- [PROBLEM DETAILS]: Every line below between the line holding "Answer: Paramount+ Is" and the line holding "Answer: 62.5 Are", inclusive, should be repeated exactly, and all other lines omitted.

[DATA RECORDS]

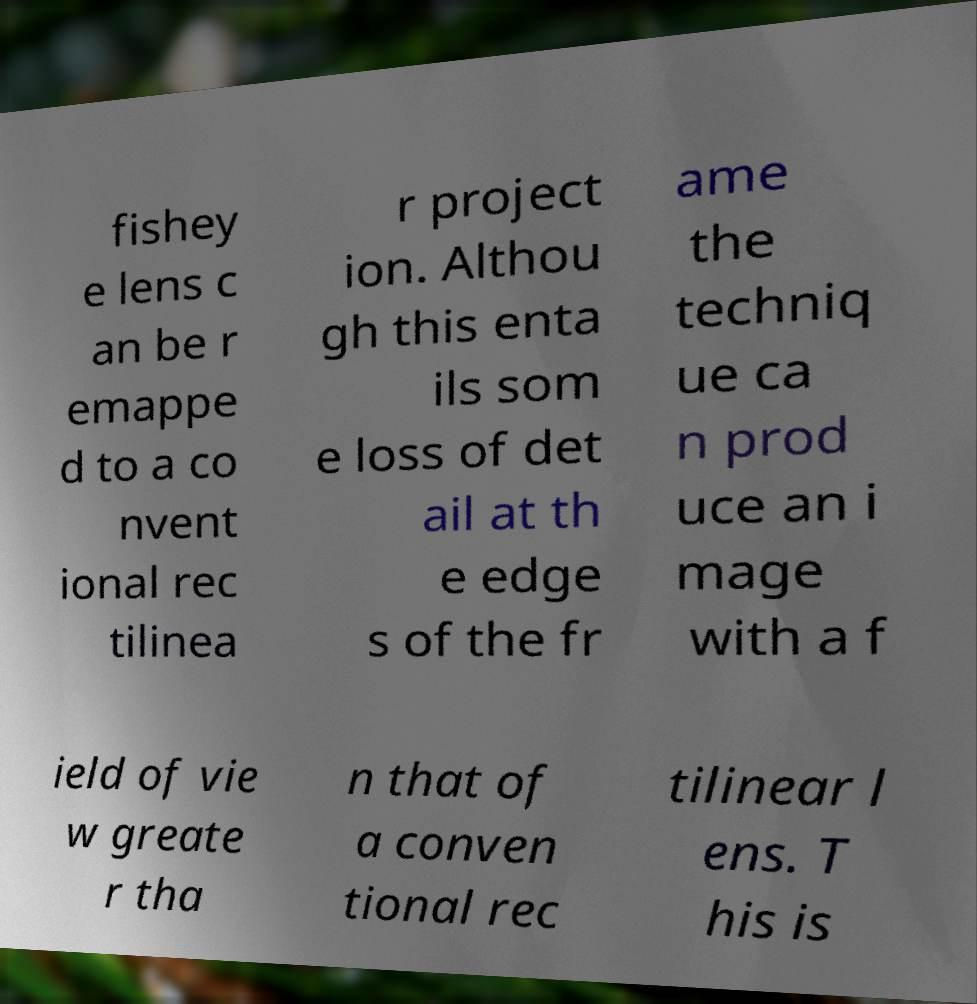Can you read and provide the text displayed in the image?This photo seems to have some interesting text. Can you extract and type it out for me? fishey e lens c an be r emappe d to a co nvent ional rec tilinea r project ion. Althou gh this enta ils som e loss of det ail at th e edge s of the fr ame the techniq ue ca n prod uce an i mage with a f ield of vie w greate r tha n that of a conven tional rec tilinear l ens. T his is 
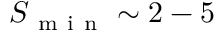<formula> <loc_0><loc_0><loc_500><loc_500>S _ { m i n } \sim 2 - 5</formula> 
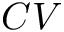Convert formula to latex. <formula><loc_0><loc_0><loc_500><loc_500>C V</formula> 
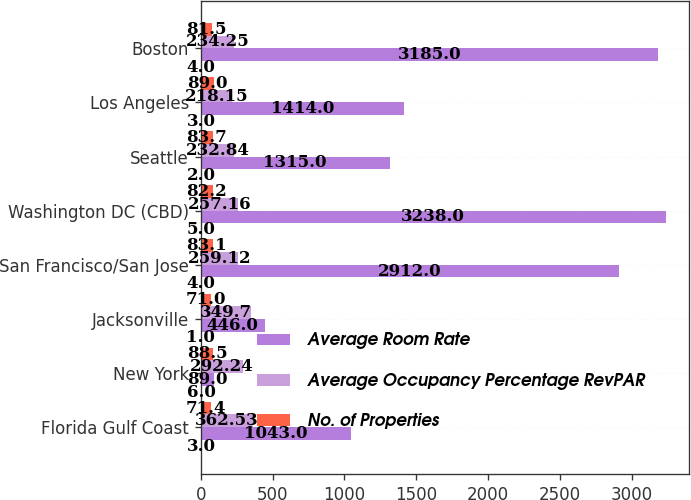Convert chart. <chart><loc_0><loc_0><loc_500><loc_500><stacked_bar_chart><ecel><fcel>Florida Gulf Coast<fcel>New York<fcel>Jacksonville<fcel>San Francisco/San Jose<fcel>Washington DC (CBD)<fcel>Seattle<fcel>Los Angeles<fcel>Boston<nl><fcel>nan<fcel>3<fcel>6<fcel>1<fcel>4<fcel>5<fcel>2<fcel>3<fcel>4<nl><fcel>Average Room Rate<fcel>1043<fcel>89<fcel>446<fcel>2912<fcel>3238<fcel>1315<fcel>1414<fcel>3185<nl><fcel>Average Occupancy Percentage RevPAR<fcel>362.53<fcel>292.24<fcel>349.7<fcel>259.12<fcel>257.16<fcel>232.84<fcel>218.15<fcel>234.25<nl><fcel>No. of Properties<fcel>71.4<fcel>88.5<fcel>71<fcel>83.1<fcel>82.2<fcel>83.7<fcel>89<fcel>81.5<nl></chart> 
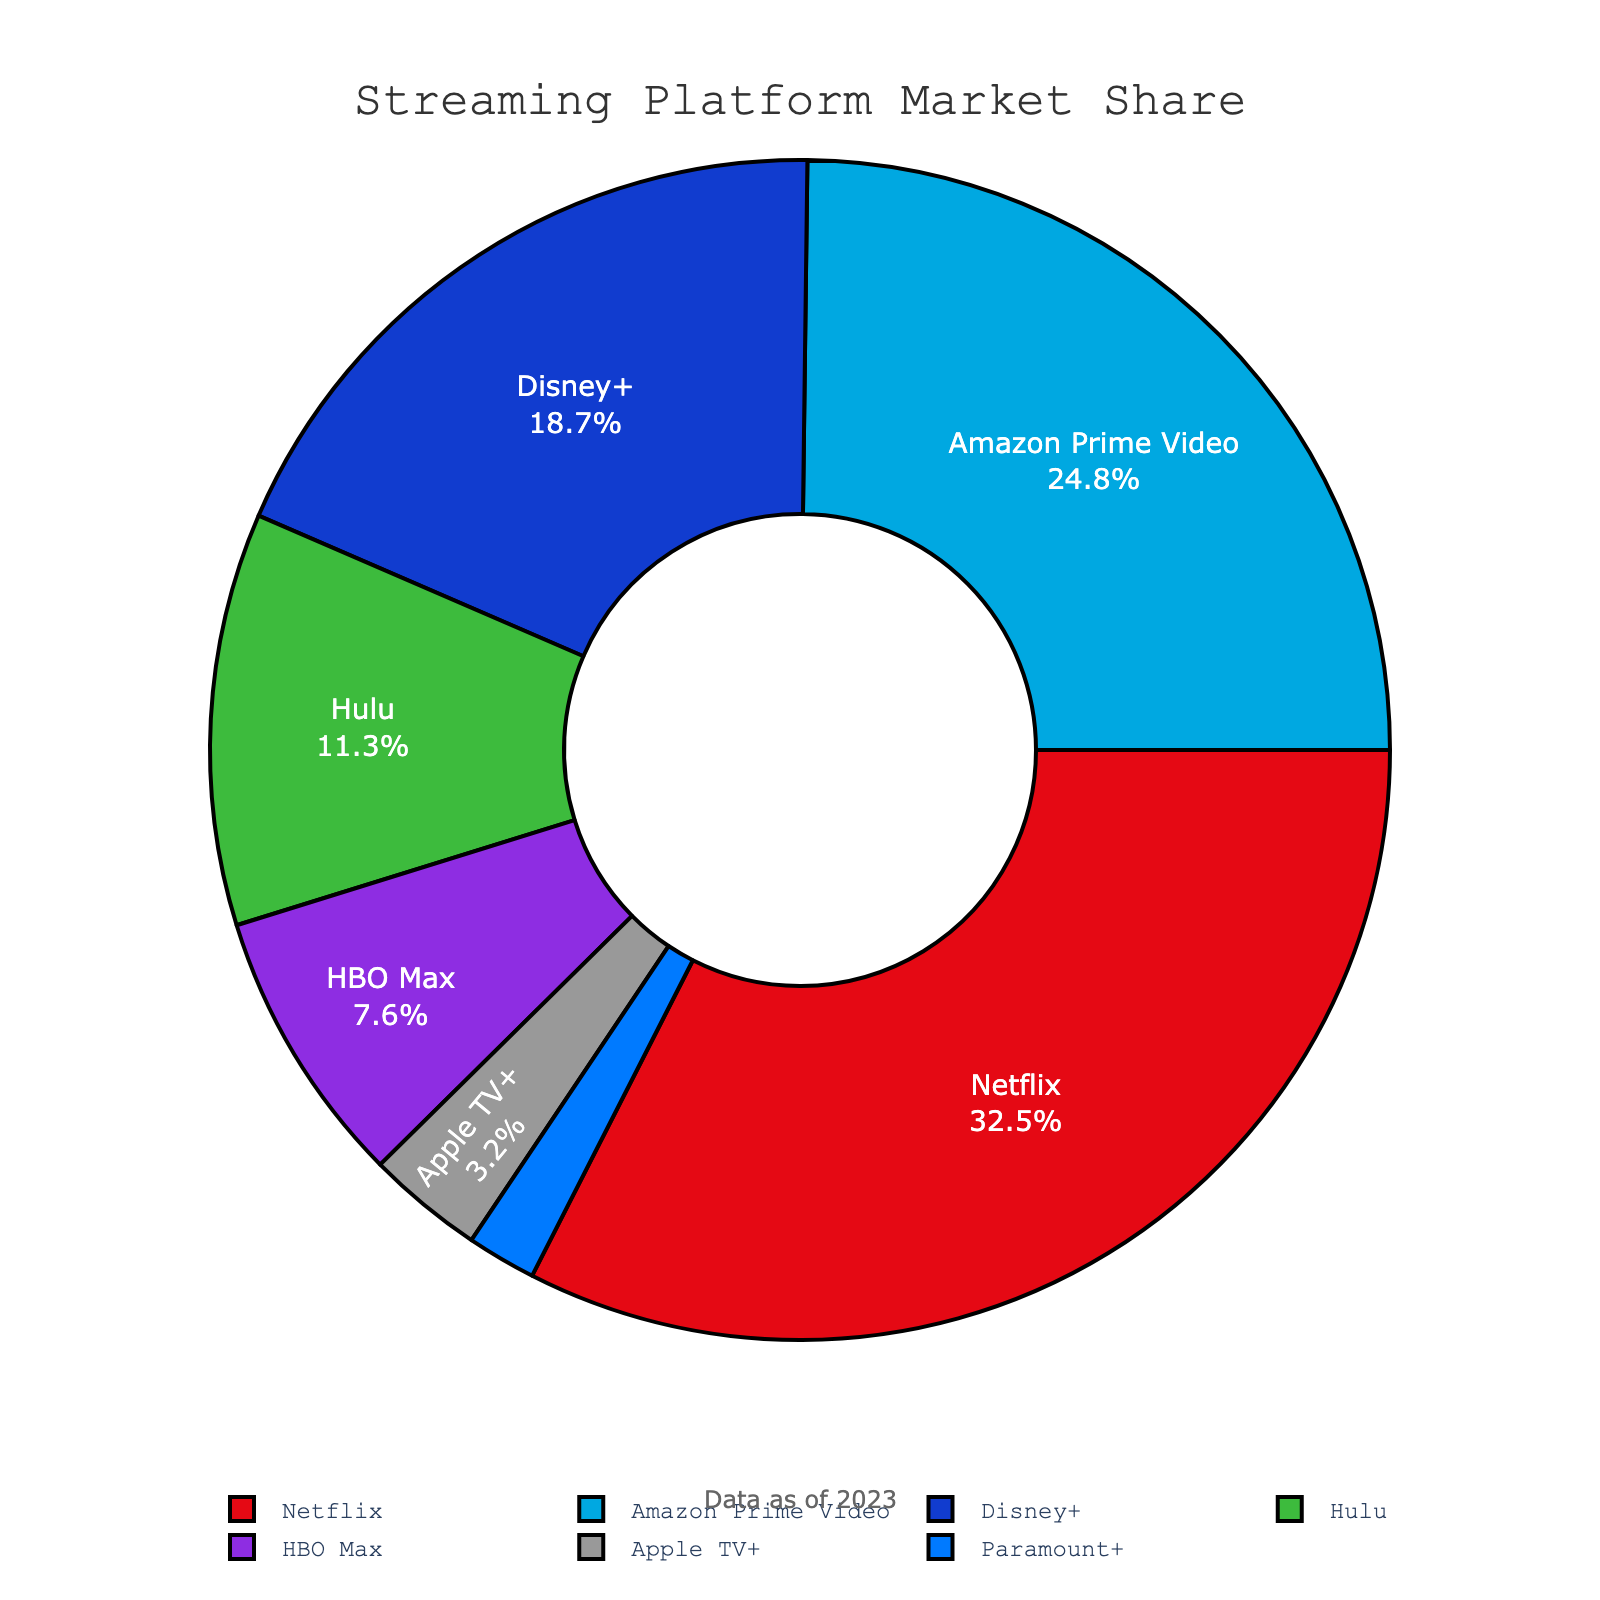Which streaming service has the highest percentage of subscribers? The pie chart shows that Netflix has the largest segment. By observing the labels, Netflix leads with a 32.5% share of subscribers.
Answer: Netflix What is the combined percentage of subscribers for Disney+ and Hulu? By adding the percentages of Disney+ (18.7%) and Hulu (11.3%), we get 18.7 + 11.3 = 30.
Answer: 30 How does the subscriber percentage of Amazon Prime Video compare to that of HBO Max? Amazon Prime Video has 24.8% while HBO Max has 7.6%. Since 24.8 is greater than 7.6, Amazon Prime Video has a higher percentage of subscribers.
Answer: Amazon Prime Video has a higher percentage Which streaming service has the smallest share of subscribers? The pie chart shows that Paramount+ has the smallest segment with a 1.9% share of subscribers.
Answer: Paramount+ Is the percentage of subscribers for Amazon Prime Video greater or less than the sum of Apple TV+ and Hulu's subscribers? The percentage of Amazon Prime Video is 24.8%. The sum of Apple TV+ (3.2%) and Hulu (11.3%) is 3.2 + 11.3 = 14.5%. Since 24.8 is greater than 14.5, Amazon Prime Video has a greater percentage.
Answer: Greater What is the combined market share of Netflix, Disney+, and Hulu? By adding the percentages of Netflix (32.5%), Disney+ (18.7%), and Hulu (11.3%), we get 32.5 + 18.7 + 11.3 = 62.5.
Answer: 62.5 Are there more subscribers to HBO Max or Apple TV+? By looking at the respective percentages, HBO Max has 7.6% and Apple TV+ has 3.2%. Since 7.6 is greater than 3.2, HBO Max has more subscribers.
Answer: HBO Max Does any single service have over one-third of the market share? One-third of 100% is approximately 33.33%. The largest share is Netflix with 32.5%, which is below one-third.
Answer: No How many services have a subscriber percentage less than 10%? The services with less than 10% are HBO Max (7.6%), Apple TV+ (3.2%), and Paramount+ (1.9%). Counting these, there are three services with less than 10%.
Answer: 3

[/DATA RECORDS]

- [WRITTEN REPLY]:
Answer: Paramount+ Is the percentage of subscribers for Amazon Prime Video greater or less than the sum of Apple TV+ and Hulu's subscribers? The percentage of Amazon Prime Video is 24.8%. The sum of Apple TV+ (3.2%) and Hulu (11.3%) is 3.2 + 11.3 = 14.5%. Since 24.8 is greater than 14.5, Amazon Prime Video has a greater percentage.
Answer: Greater What is the combined market share of Netflix, Disney+, and Hulu? By adding the percentages of Netflix (32.5%), Disney+ (18.7%), and Hulu (11.3%), we get 32.5 + 18.7 + 11.3 = 62.5.
Answer: 62.5 Are there more subscribers to HBO Max or Apple TV+? By looking at the respective percentages, HBO Max has 7.6% and Apple TV+ has 3.2%. Since 7.6 is greater than 3.2, HBO Max has more subscribers.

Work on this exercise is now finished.